**WORK INSTRUCTIONS**
In the listing below, find each line that holds the string "layers" and copy it.

**RAW DATA**
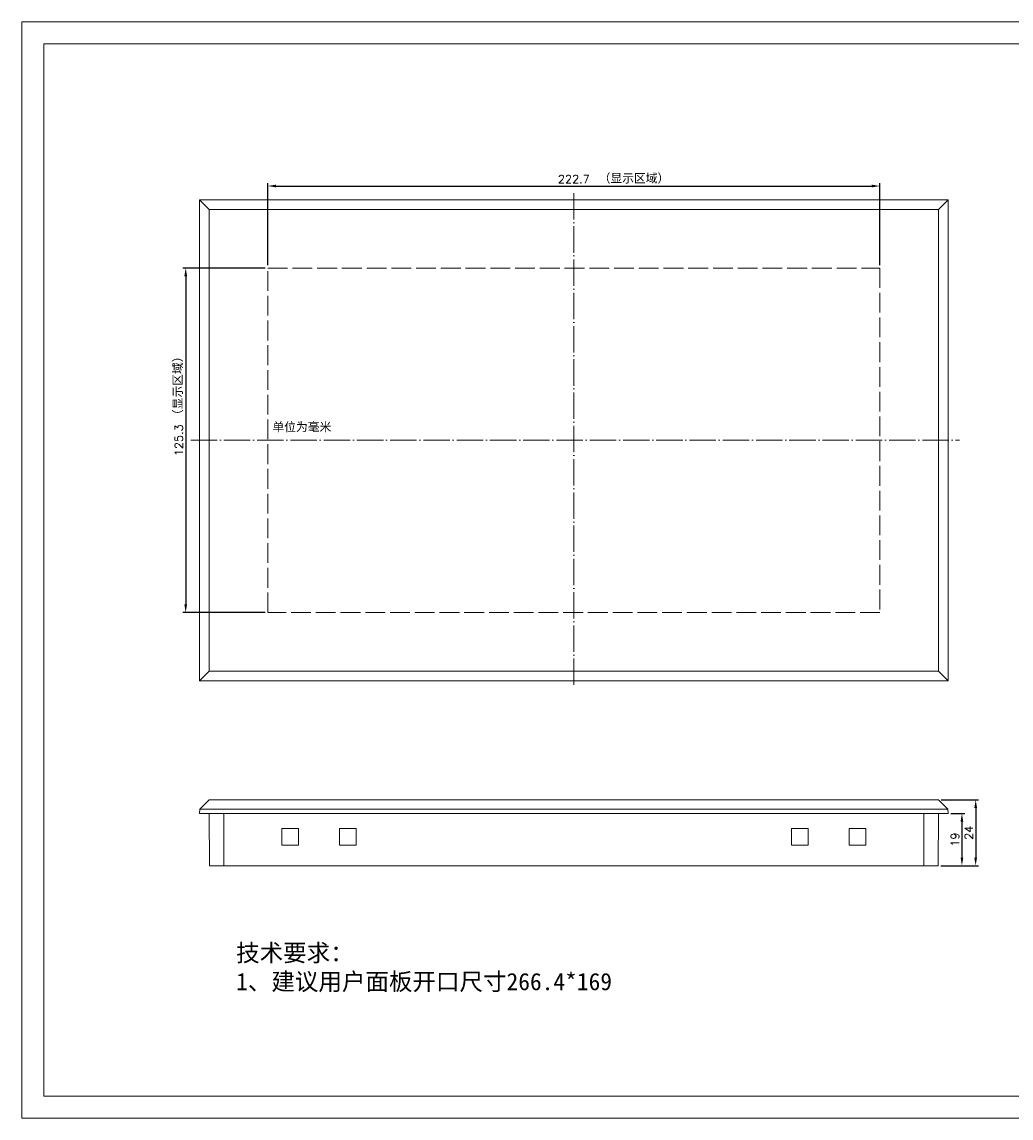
# Model space of a CAD drawing. Header units: millimetres. Extents: x 108 to 827, y -3177 to -2779.
# Tile 1 of 2: x 108 to 467, y -3177 to -2779. Entities that reach past the tile are written whole.
import ezdxf

# ---------------------------------------------------------------- set-up
doc = ezdxf.new("R2010")
doc.units = ezdxf.units.MM
doc.header["$LTSCALE"] = 0.2
doc.linetypes.add('ACAD_ISO02W100', pattern=[15, 12, -3])
doc.linetypes.add('ACAD_ISO04W100', pattern=[30, 24, -3, 0, -3])
doc.layers.get('0').update_dxf_attribs({"lineweight": 18})
doc.layers.add('1', color=7, linetype='Continuous', lineweight=18)
doc.layers.add('标注', color=1, linetype='Continuous', lineweight=0)
doc.styles.get("Standard").update_dxf_attribs({"font": 'txt.shx', "bigfont": 'gbcbig.shx'})
doc.dimstyles.new('ISO-25', dxfattribs={"dimtxt": 3, "dimasz": 3, "dimexe": 1, "dimexo": 1, "dimgap": 1, "dimtad": 1, "dimdsep": 46, "dimtxsty": 'Standard', "dimcen": 2.5, "dimdle": 6, "dimadec": 0, "dimazin": 0, "dimtfac": 1, "dimtmove": 0, "dimatfit": 3, "dimfxl": 0, "dimarcsym": 0})

# ---------------------------------------------------------------- blocks, each defined once
blk = doc.blocks.new('*X3')
for points in [[(199.96, -2837.79), (199.96, -2838.79), (196.96, -2838.29)], [(416.66, -2837.79), (416.66, -2838.79), (419.66, -2838.29)]]:
    blk.add_hatch(color=0).paths.add_polyline_path(points, flags=0)
at = {"color": 0, "linetype": 'Continuous', "lineweight": -2}
for p, q in [((196.96, -2867.14), (196.96, -2837.29)), ((199.96, -2838.29), (416.66, -2838.29)), ((419.66, -2867.14), (419.66, -2837.29))]:
    blk.add_line(p, q, dxfattribs=at)
at = {"color": 0, "insert": (308.31, -2835.79), "char_height": 3, "width": 36, "attachment_point": 5}
blk.add_mtext('222.7', dxfattribs=at)
blk = doc.blocks.new('*X5')
for points in [[(166.61, -2871.14), (167.61, -2871.14), (167.11, -2868.14)], [(166.61, -2990.44), (167.61, -2990.44), (167.11, -2993.44)]]:
    blk.add_hatch(color=0).paths.add_polyline_path(points, flags=0)
at = {"color": 0, "linetype": 'Continuous', "lineweight": -2}
for p, q in [((195.96, -2868.14), (166.11, -2868.14)), ((167.11, -2871.14), (167.11, -2990.44)), ((195.96, -2993.44), (166.11, -2993.44))]:
    blk.add_line(p, q, dxfattribs=at)
at = {"color": 0, "insert": (164.61, -2930.79), "char_height": 3, "width": 34.7143, "attachment_point": 5, "rotation": 90}
blk.add_mtext('125.3', dxfattribs=at)
blk = doc.blocks.new('*X6')
for points in [[(449.01, -3069.61), (450.01, -3069.61), (449.51, -3066.61)], [(449.01, -3082.61), (450.01, -3082.61), (449.51, -3085.61)]]:
    blk.add_hatch(color=0).paths.add_polyline_path(points, flags=0)
at = {"color": 0, "linetype": 'Continuous', "lineweight": -2}
for p, q in [((445.51, -3066.61), (450.51, -3066.61)), ((449.51, -3069.61), (449.51, -3082.61)), ((441.81, -3085.61), (450.51, -3085.61))]:
    blk.add_line(p, q, dxfattribs=at)
at = {"color": 0, "insert": (447.01, -3076.11), "char_height": 3, "width": 12.8571, "attachment_point": 5, "rotation": 90}
blk.add_mtext('19', dxfattribs=at)
blk = doc.blocks.new('*X7')
for points in [[(454.01, -3064.61), (455.01, -3064.61), (454.51, -3061.61)], [(454.01, -3082.61), (455.01, -3082.61), (454.51, -3085.61)]]:
    blk.add_hatch(color=0).paths.add_polyline_path(points, flags=0)
at = {"color": 0, "linetype": 'Continuous', "lineweight": -2}
for p, q in [((442.01, -3061.61), (455.51, -3061.61)), ((454.51, -3064.61), (454.51, -3082.61)), ((441.81, -3085.61), (455.51, -3085.61))]:
    blk.add_line(p, q, dxfattribs=at)
at = {"color": 0, "insert": (452.01, -3073.61), "char_height": 3, "width": 15, "attachment_point": 5, "rotation": 90}
blk.add_mtext('24', dxfattribs=at)

msp = doc.modelspace()

# ---------------------------------------------------------------- linework, layer by layer
for p, q in [((172.112, -2843.294), (175.612, -2846.794)), ((441.012, -2846.794), (444.512, -2843.294)), ((175.612, -3014.794), (172.112, -3018.294)), ((441.012, -3014.794), (444.512, -3018.294)), ((433.16, -3169.421), (640.24, -3169.421))]:
    msp.add_line(p, q)
at = {"linetype": 'ACAD_ISO04W100', "ltscale": 2}
for p, q in [((308.312, -2840.844), (308.312, -3020.732)), ((168.914, -2930.794), (448.586, -2930.794))]:
    msp.add_line(p, q, dxfattribs=at)
for points in [[(827.253, -3177.421), (107.524, -3177.421), (107.524, -2778.584), (827.253, -2778.584)], [(819.253, -3169.421), (115.524, -3169.421), (115.524, -2786.584), (819.253, -2786.584)], [(172.112, -2843.294), (444.512, -2843.294), (444.512, -3018.294), (172.112, -3018.294)], [(175.612, -2846.794), (441.012, -2846.794), (441.012, -3014.794), (175.612, -3014.794)]]:
    msp.add_lwpolyline(points, close=True)
at = {"color": 1, "linetype": 'ACAD_ISO02W100', "ltscale": 3}
msp.add_lwpolyline([(196.962, -2868.144), (419.662, -2868.144), (419.662, -2993.444), (196.962, -2993.444)], close=True, dxfattribs=at)
at = {"layer": '1', "color": 0, "linetype": 'Continuous', "lineweight": 13}
for p, q in [((175.612, -3061.613), (172.195, -3065.03)), ((175.612, -3061.613), (441.012, -3061.613)), ((441.012, -3061.613), (444.429, -3065.03)), ((172.112, -3066.613), (172.195, -3065.03)), ((172.112, -3066.613), (444.512, -3066.613)), ((172.195, -3065.03), (444.429, -3065.03)), ((175.814, -3085.613), (175.631, -3066.613)), ((181.012, -3085.613), (181.012, -3066.613)), ((435.612, -3085.613), (435.612, -3066.613)), ((440.811, -3085.613), (440.993, -3066.613)), ((444.512, -3066.613), (444.429, -3065.03)), ((202.112, -3078.113), (202.112, -3072.113)), ((202.112, -3072.113), (208.112, -3072.113)), ((208.112, -3072.113), (208.112, -3078.113)), ((223.112, -3078.113), (223.112, -3072.113)), ((223.112, -3072.113), (229.112, -3072.113)), ((229.112, -3072.113), (229.112, -3078.113)), ((387.512, -3072.113), (393.512, -3072.113)), ((387.512, -3078.113), (387.512, -3072.113)), ((393.512, -3072.113), (393.512, -3078.113)), ((408.512, -3072.113), (414.512, -3072.113)), ((408.512, -3078.113), (408.512, -3072.113)), ((414.512, -3072.113), (414.512, -3078.113)), ((208.112, -3078.113), (202.112, -3078.113)), ((229.112, -3078.113), (223.112, -3078.113)), ((393.512, -3078.113), (387.512, -3078.113)), ((414.512, -3078.113), (408.512, -3078.113)), ((181.012, -3085.613), (175.814, -3085.613)), ((435.612, -3085.613), (181.012, -3085.613)), ((440.811, -3085.613), (435.612, -3085.613))]:
    msp.add_line(p, q, dxfattribs=at)

# ---------------------------------------------------------------- texts
at = {"lineweight": 0, "char_height": 3.13578, "attachment_point": 1}
for s, insert, width in [('{\\fSimSun|b0|i0|c0|p2;\\C1;（显示区域）}', (317.362, -2833.9), 27.41743), ('{\\fSimSun|b0|i0|c0|p2;单位为毫米}', (198.674, -2924.39), 57.7248)]:
    msp.add_mtext(s, dxfattribs=dict(at, insert=insert, width=width))
at = {"lineweight": 0, "insert": (162.644, -2923.806), "char_height": 3.13578, "width": 27.41743, "attachment_point": 1, "rotation": 90}
msp.add_mtext('{\\fSimSun|b0|i0|c0|p2;\\C1;（显示区域）}', dxfattribs=at)
at = {"layer": '标注', "insert": (185.458, -3114.166), "char_height": 6.27157, "width": 205.28939, "attachment_point": 1}
msp.add_mtext('{\\fSimSun|b0|i0|c0|p2;技术要求：\\P1、建议用户面板开口尺寸266.4*169}', dxfattribs=at)

# ---------------------------------------------------------------- dimensions: what is measured, and where the dimension line sits
dim = msp.add_linear_dim(base=(419.662, -2838.294), p1=(196.962, -2868.144), p2=(419.662, -2868.144), dimstyle='ISO-25', override={"dimsah": 1, "dimtolj": 1, "dimtzin": 8, "dimarcsym": 1})
dim.commit()
dim.dimension.update_dxf_attribs({"geometry": '*X3', "text_midpoint": (308.312, -2838.294), "dimtype": 160})
for base, p1, p2, picture, middle in [((167.112, -2993.444), (196.962, -2868.144), (196.962, -2993.444), '*X5', (167.112, -2930.794)), ((454.512, -3085.613), (441.012, -3061.613), (440.811, -3085.613), '*X7', (454.512, -3073.613)), ((449.512, -3085.613), (444.512, -3066.613), (440.811, -3085.613), '*X6', (449.512, -3076.113))]:
    dim = msp.add_linear_dim(base=base, p1=p1, p2=p2, angle=90, dimstyle='ISO-25', override={"dimsah": 1, "dimtolj": 1, "dimtzin": 8, "dimarcsym": 1})
    dim.commit()
    dim.dimension.update_dxf_attribs({"geometry": picture, "text_midpoint": middle, "dimtype": 160})

doc.saveas('drawing.dxf')

**TASK SOLUTION**
doc.layers.get('0').update_dxf_attribs({"lineweight": 18})
doc.layers.add('1', color=7, linetype='Continuous', lineweight=18)
doc.layers.add('标注', color=1, linetype='Continuous', lineweight=0)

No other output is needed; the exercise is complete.